We generally hold on to the myth that science is something immune from the propagation and spreading of falsehoods. Careers, reputations, employment, tenure, and government funding often are behind the perpetuation of myths as scientific fact. While it’s generally acknowledged by Christians that evolution is a prime example of an iconic myth,[8] there are others. In his January 17, 1961 Farewell Address, President Dwight D. Eisenhower described how government grants might get in the way of what should be objective scientific discovery:

The prospects of domination of the nation’s scholars by federal employment, project allocations, and the power of money is ever present—and is gravely to be regarded. Yet, holding scientific research and discovery in respect, we would, we must always be alert to the equal and opposite danger that public policy could itself become a captive of a scientific-technological elite.[9]

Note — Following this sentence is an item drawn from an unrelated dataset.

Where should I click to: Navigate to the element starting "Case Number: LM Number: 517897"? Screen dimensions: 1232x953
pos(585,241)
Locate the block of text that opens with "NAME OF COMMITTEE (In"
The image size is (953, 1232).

To get to the point, people, even scientists, will do almost anything for money, power, and prestige—even lie! To put it more kindly, “like other people, scientists are interested in seeing their projects flourish, and their enthusiasm can blind them to the possible negative effects of their work.”[10]

Endnotes:

[1] Alex Boese, The Museum of Hoaxes: A Collection of Pranks, Stunts, Deceptions, and Other Wonderful Sotires Contrived for the Public from the Middle Ages to the New Millennium (New York: Dutton, 2002), 1. [2] Jeffrey Burton Russell, Inventing the Flat Earth: Columbus and Modern Historians (New York: Praeger, 1991).
[3] Marcia Dunn, “Moon Hoax claims hard to stomp out,” The Atlanta Journal-Constitution (December 26, 2002), A6. [4] David Ray Griffin, Christian Faith and the Truth Behind 9/11: A Call to Reflection and Action (Louisville, KY: Westminster John Knox Press, 2006). For a response to Griffin’s claims, see http://mu-warrior.blogspot.com/2006/08/official-presbyterian-publisher-issues.html.
[5] Doug Trouten, “Attack of the Fifty-Foot Hoax,” Charisma (April 1998), 68. For a detailed history of the supposed FCC ban, go to http://www.snopes.com/politics/religion/fcc.asp
[6] The petition is cited as RM-2493. The petition still circulates, usually misspelling O’Hair as “O’Hare.”
[7] Jonathan Wells, The Politically Incorrect Guide to Darwinism and Intelligent Design (Washington, D.C.: Regnery Publishing, Inc., 2006), 28. Also see Jonathan Wells, Icons of Evolution: Science or Myth? (Washington, D.C.: Regnery Publishing, Inc., 2000).
[8] Jonathan Wells, Icons of Evolution: Science or Myth? (Washington, D.C.: Regnery Publishing, Inc., 2000).
[9] Quoted in Patrick J. Michaels, Meltdown: The Predictable Distortion of Global Warming by Scientists, Politicians, and the Media (Washington, D.C.: Cato Institute, 2004), vii.
[10] Ruth Hubbard and Elijah Wald, Exploring the Gene Myth: How Genetic Information Is Produced and manipulated by Scientists, Physicians, Employers, Insurance Companies, Educators, and Law Enforcers (Boston: Beacon Press, 1993), xiii.